Judge Jerry is an American arbitration-based reality court show presided over by Jerry Springer, who previously hosted Jerry Springer from 1991 to 2018. The series began its run in first-run syndication on September 9, 2019, and was distributed by NBCUniversal Syndication Studios.

In February 2020, the series was renewed for a second season. In March 2021, the series was renewed for a third season. In March 2022, the series was canceled after three seasons.

Production

Development
Host Jerry Springer had planned on retiring after his tabloid talk show ended production in 2018. NBCUniversal, which had syndicated that tabloid talk show, was interested in retaining Springer's services and convinced him to take on hosting duties for an arbitration court show, the distributor's first entry into the genre. Springer was intrigued by the opportunity to host a more "grown-up" program and to use his law school education.

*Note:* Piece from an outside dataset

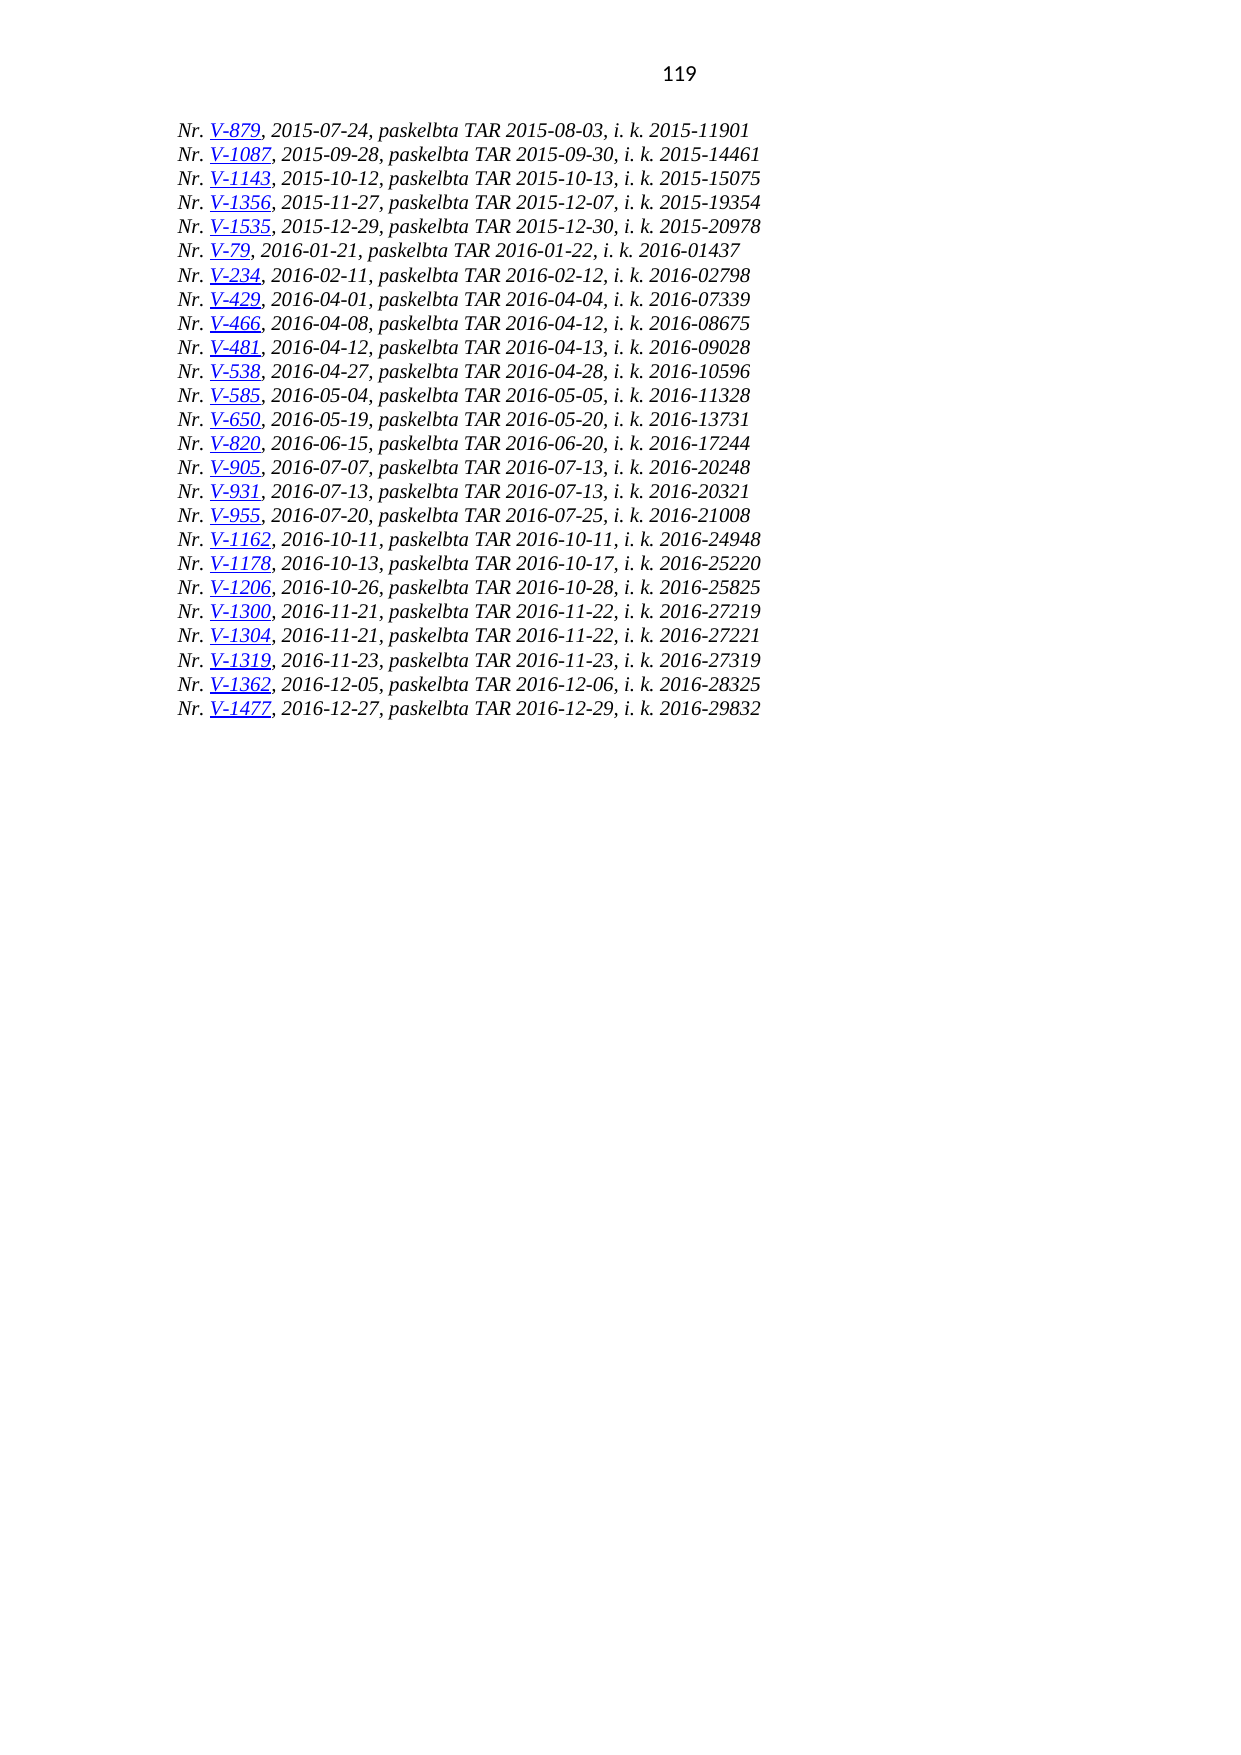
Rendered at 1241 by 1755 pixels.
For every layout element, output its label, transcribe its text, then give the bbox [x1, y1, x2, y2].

The signature "Jerry! Jerry!" chant was carried over to Judge Jerry, albeit only during the warm-up and never during the actual proceedings. Cases for Judge Jerry were chosen from pending small claims court cases that had already been filed in jurisdictions across the United States; according to Springer, this was to prevent litigants from purposely seeking out the show to earn 15 minutes of fame, a problem that had occasionally come up during the run of Jerry Springer. In regard to his judicial style, Springer largely played it straight, though he noted: "invariably I crack jokes because I can't help it... even if I have to be stern I'm never going to be mean."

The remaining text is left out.